= Joseph Chot =

Belgian author and educator

Joseph Chot (1871–1952) was a Belgian author and educator, particularly known for gathering testimony of German atrocities during the First World War in Belgium. He was also active in the Walloon Movement.

==Life==
Chot was born in Virton on 2 July 1871 and educated at the state secondary school in Tongeren. He studied history at the University of Liège, obtaining a doctorate in 1894.

He taught history at state secondary schools in Tienen (1899–1904) and Thuin (1904–1908) before briefly serving in the ministry of Science and Arts (1908–1912).

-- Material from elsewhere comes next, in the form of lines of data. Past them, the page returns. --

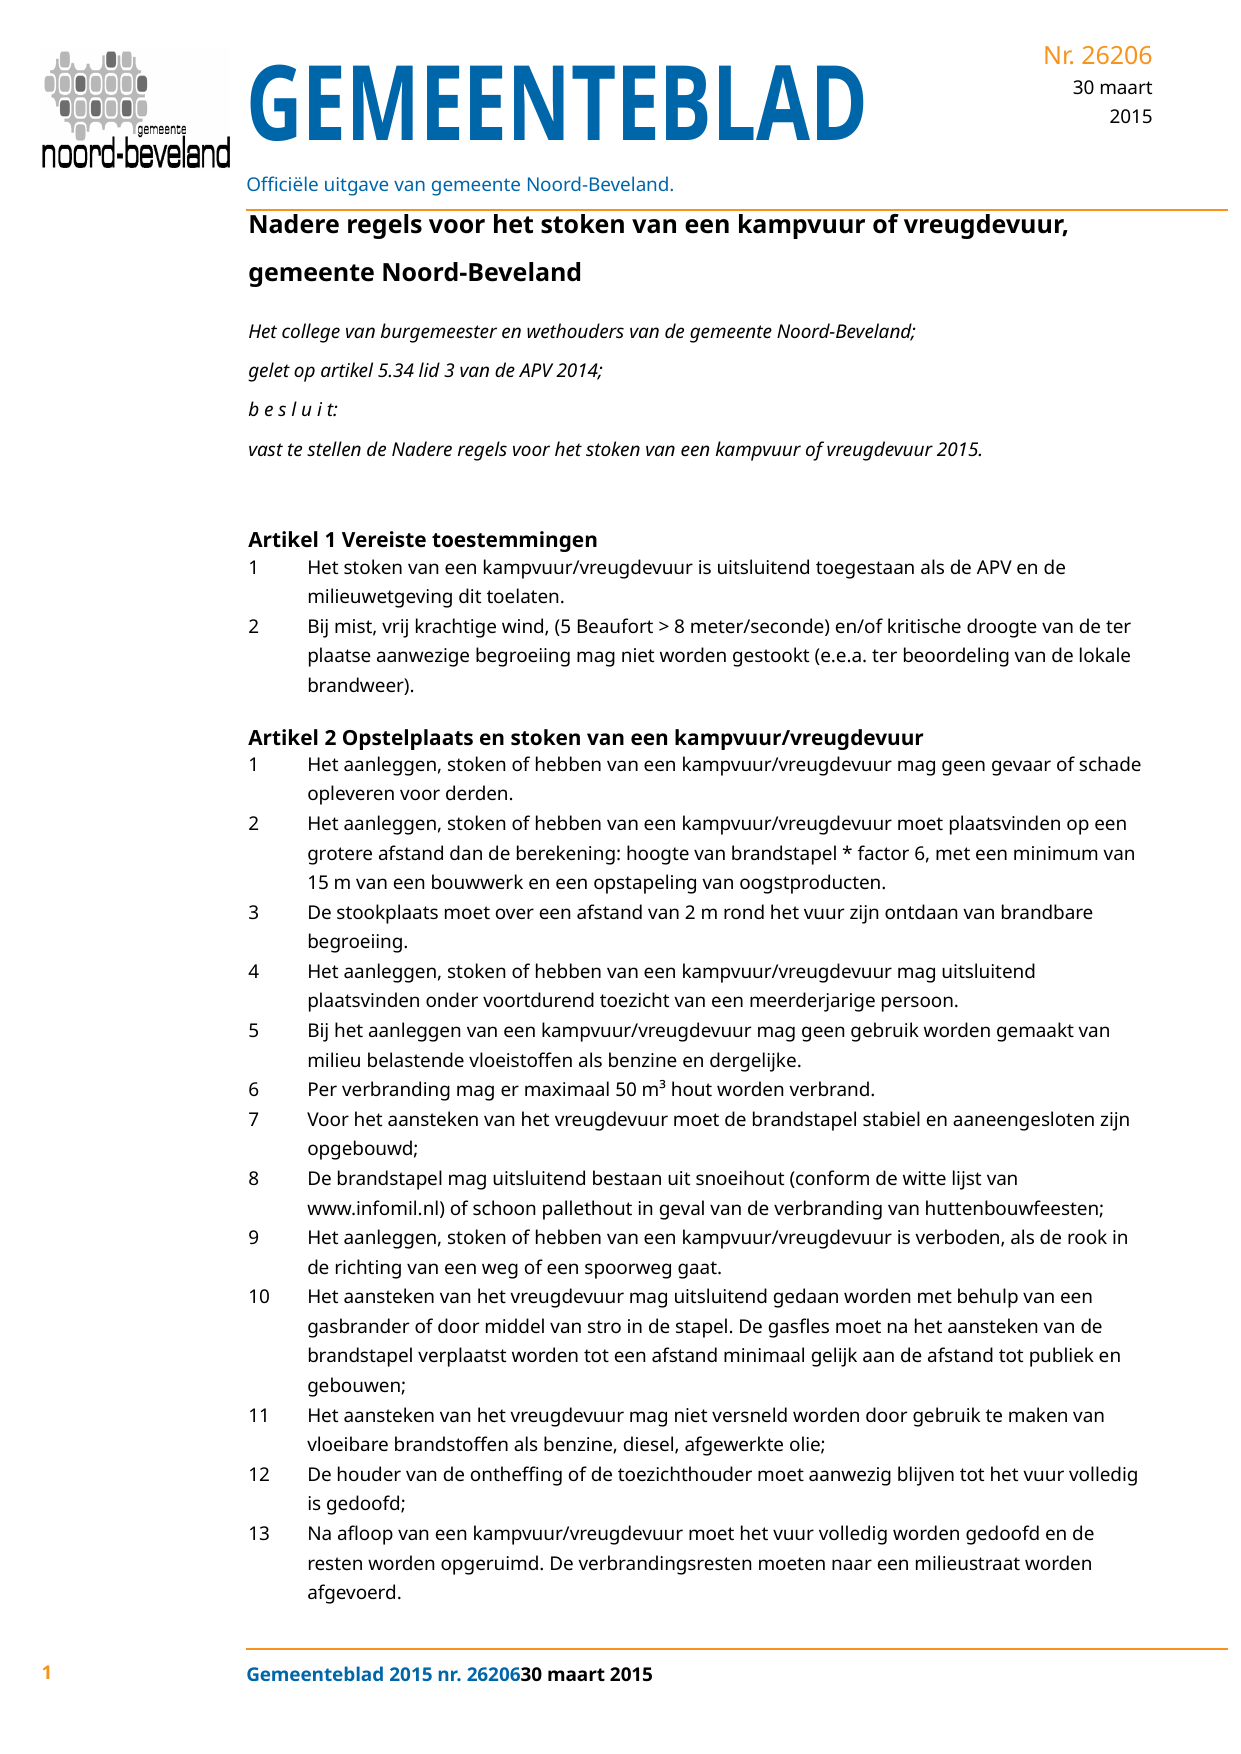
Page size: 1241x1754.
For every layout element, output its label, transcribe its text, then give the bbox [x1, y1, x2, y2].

list Het aanleggen, stoken of hebben van een kampvuur/vreugdevuur moet plaatsvinden op een grotere afstand dan de berekening: hoogte van brandstapel * factor 6, met een minimum van 15 m van een bouwwerk en een opstapeling van oogstproducten. [248, 810, 1152, 895]
list Het aansteken van het vreugdevuur mag niet versneld worden door gebruik te maken van vloeibare brandstoffen als benzine, diesel, afgewerkte olie; [248, 1402, 1152, 1457]
list De stookplaats moet over een afstand van 2 m rond het vuur zijn ontdaan van brandbare begroeiing. [248, 899, 1152, 954]
text Artikel 1 Vereiste toestemmingen [248, 525, 1152, 554]
list Bij het aanleggen van een kampvuur/vreugdevuur mag geen gebruik worden gemaakt van milieu belastende vloeistoffen als benzine en dergelijke. [248, 1017, 1152, 1073]
list Het aansteken van het vreugdevuur mag uitsluitend gedaan worden met behulp van een gasbrander of door middel van stro in de stapel. De gasfles moet na het aansteken van de brandstapel verplaatst worden tot een afstand minimaal gelijk aan de afstand tot publiek en gebouwen; [248, 1283, 1152, 1398]
text gelet op artikel 5.34 lid 3 van de APV 2014; [248, 357, 1152, 383]
list De brandstapel mag uitsluitend bestaan uit snoeihout (conform de witte lijst van www.infomil.nl) of schoon pallethout in geval van de verbranding van huttenbouwfeesten; [248, 1165, 1152, 1221]
list Bij mist, vrij krachtige wind, (5 Beaufort > 8 meter/seconde) en/of kritische droogte van de ter plaatse aanwezige begroeiing mag niet worden gestookt (e.e.a. ter beoordeling van de lokale brandweer). [248, 613, 1152, 698]
list Voor het aansteken van het vreugdevuur moet de brandstapel stabiel en aaneengesloten zijn opgebouwd; [248, 1106, 1152, 1161]
list Het aanleggen, stoken of hebben van een kampvuur/vreugdevuur mag uitsluitend plaatsvinden onder voortdurend toezicht van een meerderjarige persoon. [248, 958, 1152, 1013]
list De houder van de ontheffing of de toezichthouder moet aanwezig blijven tot het vuur volledig is gedoofd; [248, 1461, 1152, 1516]
list Na afloop van een kampvuur/vreugdevuur moet het vuur volledig worden gedoofd en de resten worden opgeruimd. De verbrandingsresten moeten naar een milieustraat worden afgevoerd. [248, 1520, 1152, 1605]
list Het aanleggen, stoken of hebben van een kampvuur/vreugdevuur mag geen gevaar of schade opleveren voor derden. [248, 751, 1152, 806]
picture [41, 47, 231, 172]
text Nadere regels voor het stoken van een kampvuur of vreugdevuur, gemeente Noord-Beveland [248, 211, 1152, 288]
list Het aanleggen, stoken of hebben van een kampvuur/vreugdevuur is verboden, als de rook in de richting van een weg of een spoorweg gaat. [248, 1224, 1152, 1280]
text vast te stellen de Nadere regels voor het stoken van een kampvuur of vreugdevuur 2015. [248, 436, 1152, 461]
text Het college van burgemeester en wethouders van de gemeente Noord-Beveland; [248, 318, 1152, 344]
text Artikel 2 Opstelplaats en stoken van een kampvuur/vreugdevuur [248, 723, 1152, 751]
list Het stoken van een kampvuur/vreugdevuur is uitsluitend toegestaan als de APV en de milieuwetgeving dit toelaten. [248, 554, 1152, 609]
list Per verbranding mag er maximaal 50 m³ hout worden verbrand. [248, 1076, 1152, 1102]
text b e s l u i t: [248, 396, 1152, 422]

He went on to teach at state secondary schools in Ixelles and Brussels until appointed an inspector of middle schools in 1920.

Throughout his adult life, Chot wrote for numerous French-language Belgian reviews and periodicals, and published several books, both fiction and non-fiction, including school textbooks in history and geography. He was a promoter of a distinctively Walloon cultural and historical identity. Besides writing and teaching, he was also involved in inventorising art and monuments for the heritage committee of the Province of Namur (Commission du Patrimoine artistique de la province de Namur).

He died at Olloy-sur-Viroin on 1 December 1952.

==Works==
===Non-fiction===
- Histoire littéraire de l'abbaye de Saint-Trond de son origine au XIIIe siècle (1899)
- L'Évolution de l'art littéraire français en Belgique (1902)
- Histoire de la Renaissance artistique en Italie (1903)
- Histoire des villes de l'Italie du Nord au moyen-âge (1904)
- with René Dethier, Histoire des lettres françaises en Belgique (1910)
- Pendant la tourmente (1918)
- Dinant cité martyre (1919)
- Furie allemande dans l’Entre Sambre-et-Meuse (1919)
- Scaldes et vikings d'Islande (1937)
- De la défaite à la victoire (1949)

===Fiction===
- Légendes et nouvelles de l'Entre-Sambre-&-Meuse (1897)
- Cunroth le Scandinave (1900)
- Carcassou (1903)
- Le Génie d'Athènes (1908)
- Monsieur le Professeur (1909)
- Têtes dures de chez moi (1923)
- Un gai Luron (1928)
- Le berger des loups (1928)
- Fagnolle, 1554-1555 (1930)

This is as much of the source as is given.